Following his return to Australia, Ohlstrom appeared on local vaudeville stages with Billy Mack in the popular equilibristic act "Vernon and Mack", while studying law at the University of Adelaide. There he played cricket for Adelaide University Cricket Club and founded the Adelaide University Baseball Club in 1922, captaining it until 1924. Ohlstrom gained a baseball Blue in 1923 and a cricket Blue in 1924.

Gaining a reputation as a bowler with great accuracy and the ability to significantly swing the ball, Ohlstrom's good form for University in Adelaide district cricket led to his selection in the 1923/24 South Australian training squad and following efforts including taking 8 wickets for 15 (8/15) against Glenelg Cricket Club, a district record for best bowling in an innings until surpassed by Brian Richardson's 8/14 in 1939, made his first-class debut for South Australia against New South Wales at Adelaide Oval on 14 December 1923.

Batting at no. 11, Ohlstrom made 1* and 3, and took 1/25. Ohlstrom is unique in first-class cricket for being dismissed hit wicket in his only completed innings and having a hit wicket as his only wicket.

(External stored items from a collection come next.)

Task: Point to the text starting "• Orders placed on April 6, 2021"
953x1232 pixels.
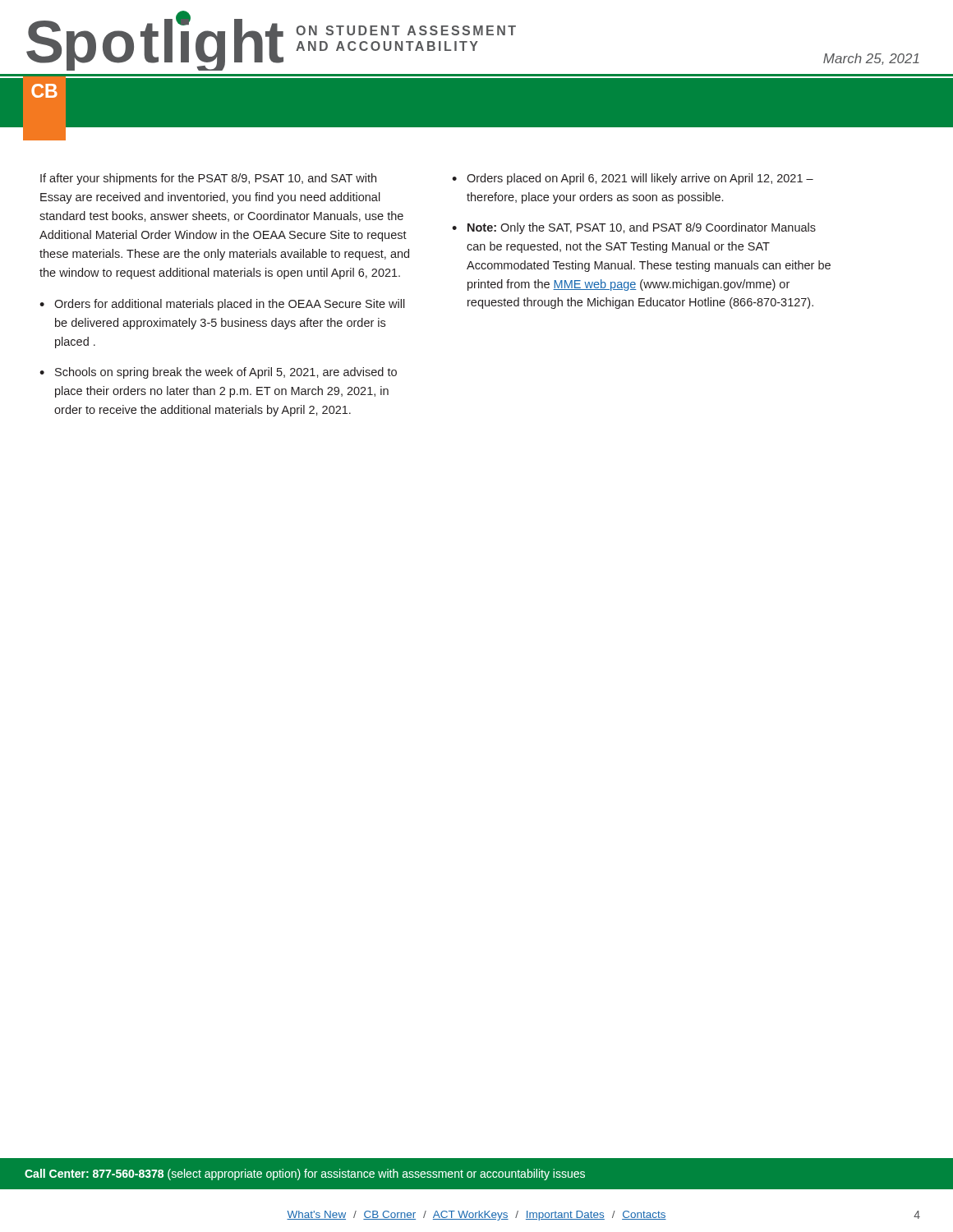Action: [642, 188]
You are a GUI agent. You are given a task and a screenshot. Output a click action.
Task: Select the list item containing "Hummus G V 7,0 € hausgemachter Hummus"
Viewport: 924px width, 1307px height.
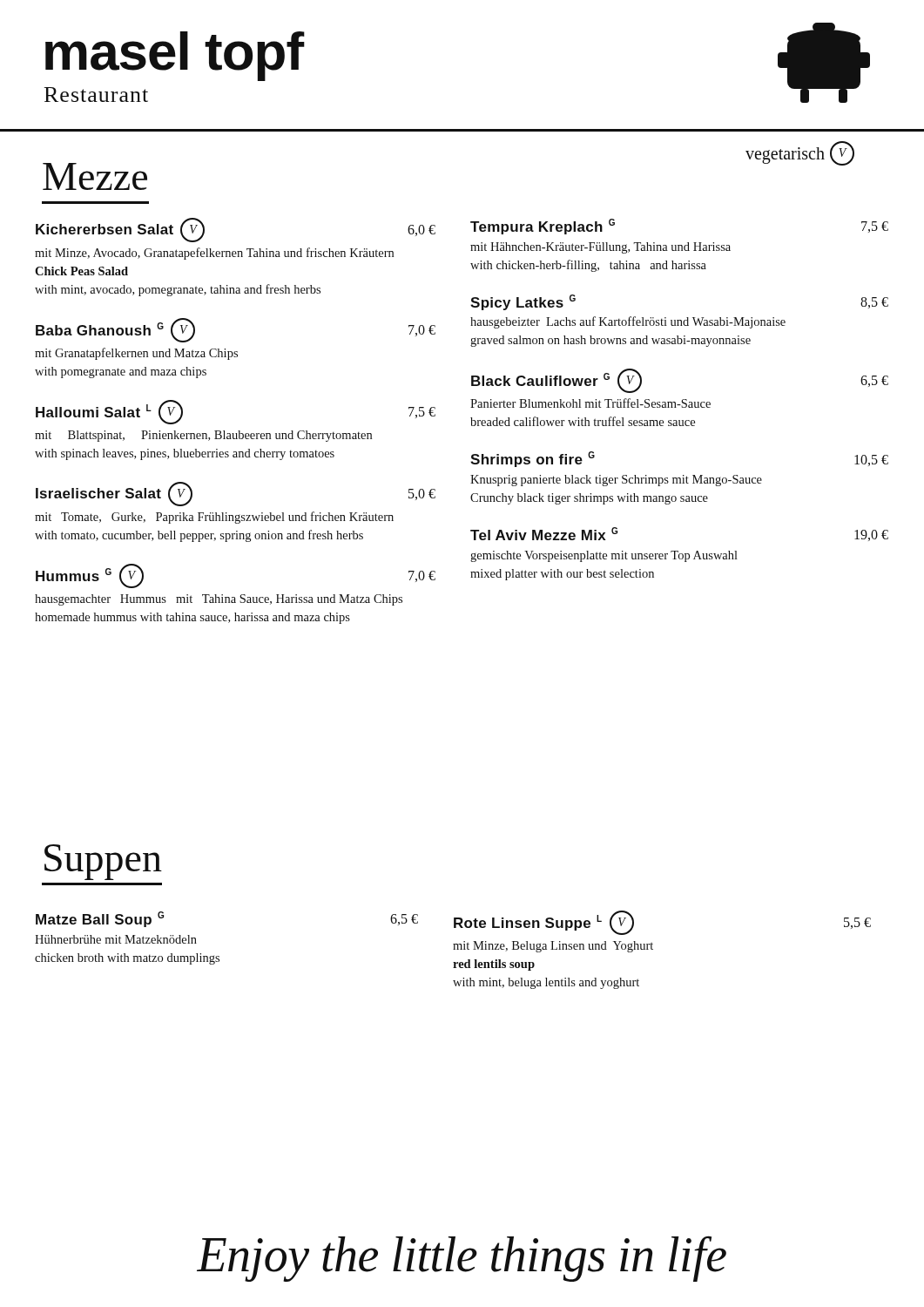point(235,595)
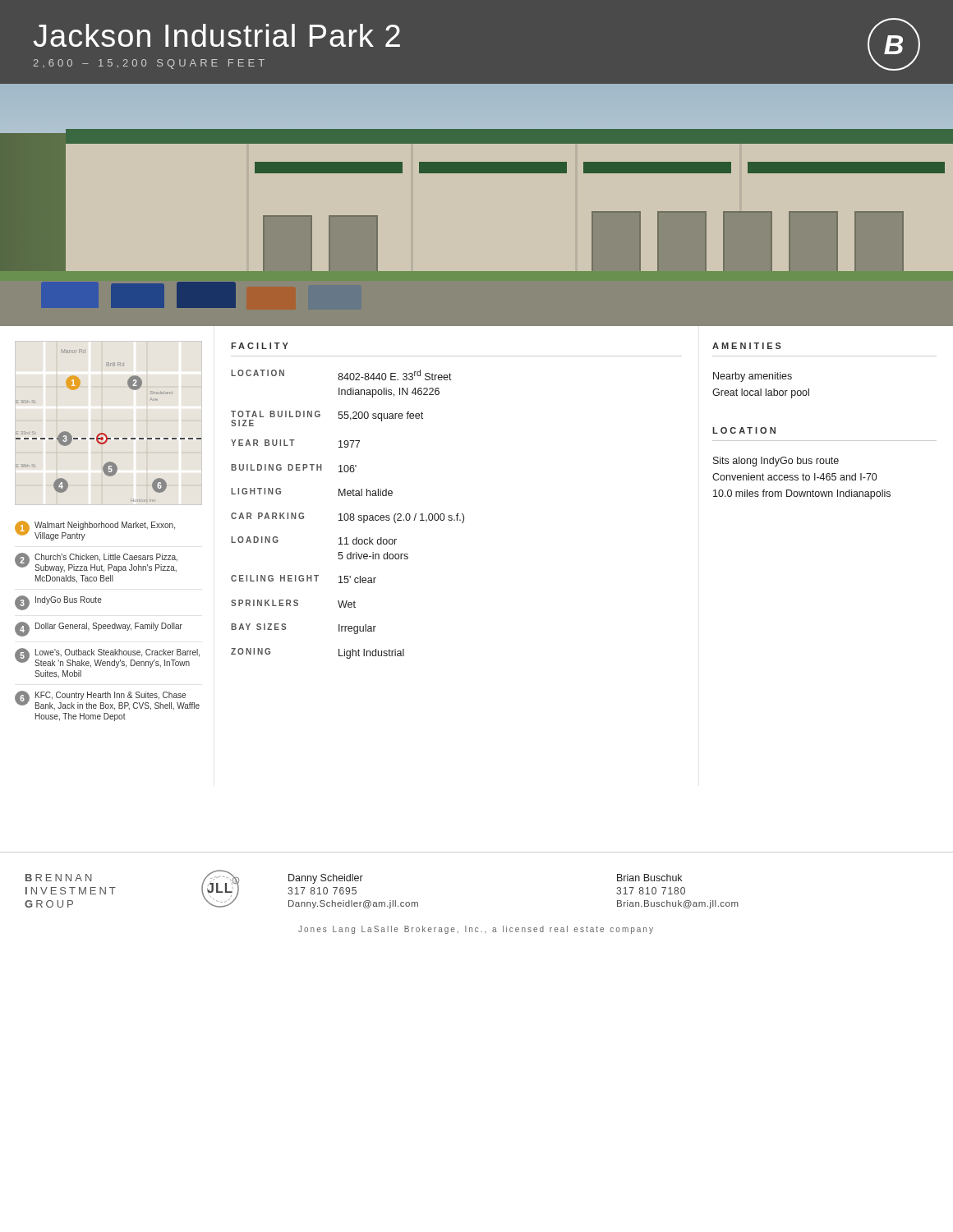
Task: Find the block starting "Jones Lang LaSalle Brokerage, Inc.,"
Action: 476,929
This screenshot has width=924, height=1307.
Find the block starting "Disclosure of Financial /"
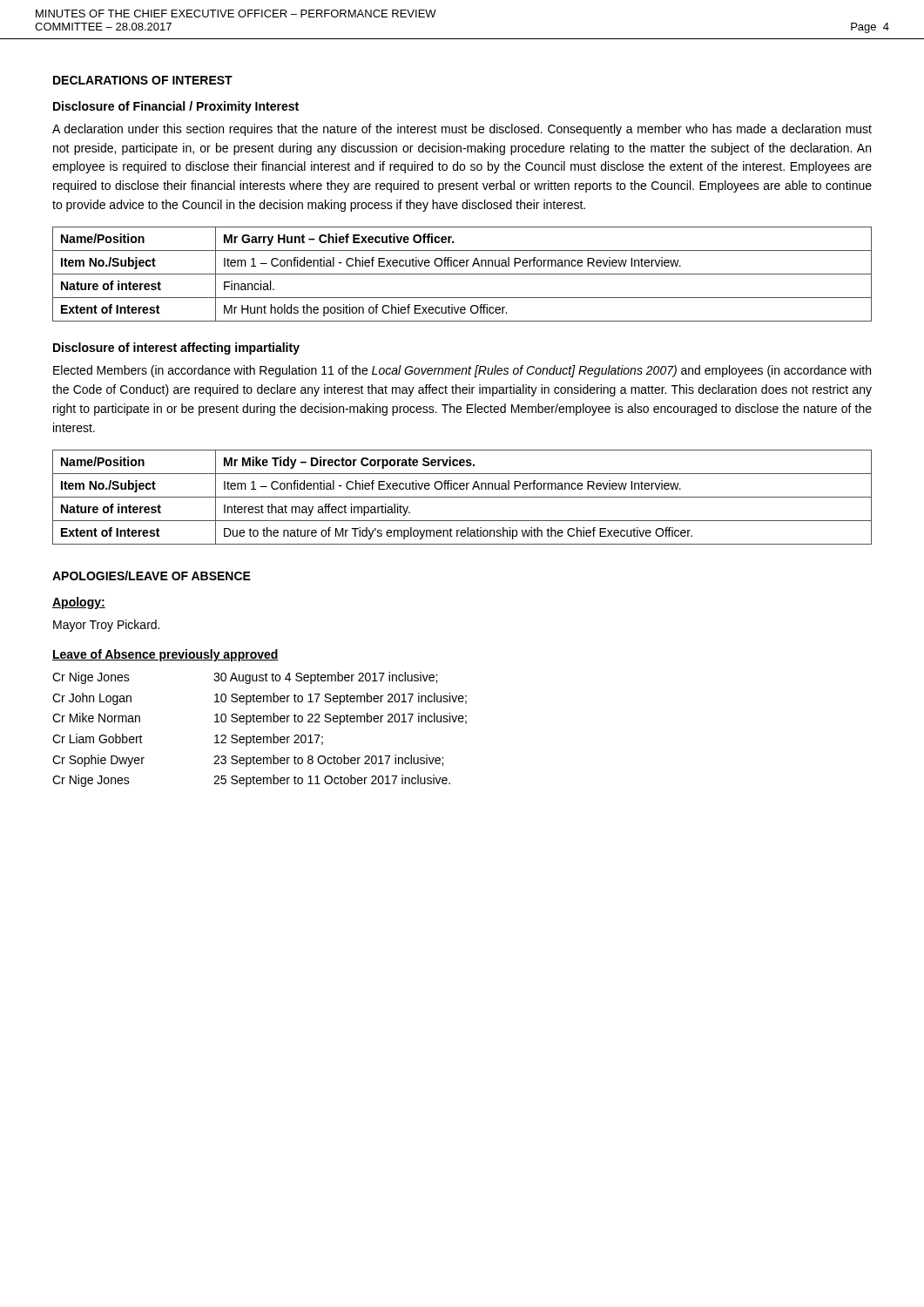pos(176,106)

In baseball Ohlstrom represented South Australia from 1923 to 1935, as captain from 1927 to 1935, formed the Kensington Baseball Club in 1926, captaining it from 1926 to 1935, and was a state selector from 1927 to 1937. Described as "a light and joyous foot that between bases gives a brilliant exhibition that
even Pavlova might envy", in 1929 Ohlstrom was selected as vice-captain of the Australian team to play a visiting American side in Sydney but was unable to make the trip. Ohlstrom retired from baseball in 1936.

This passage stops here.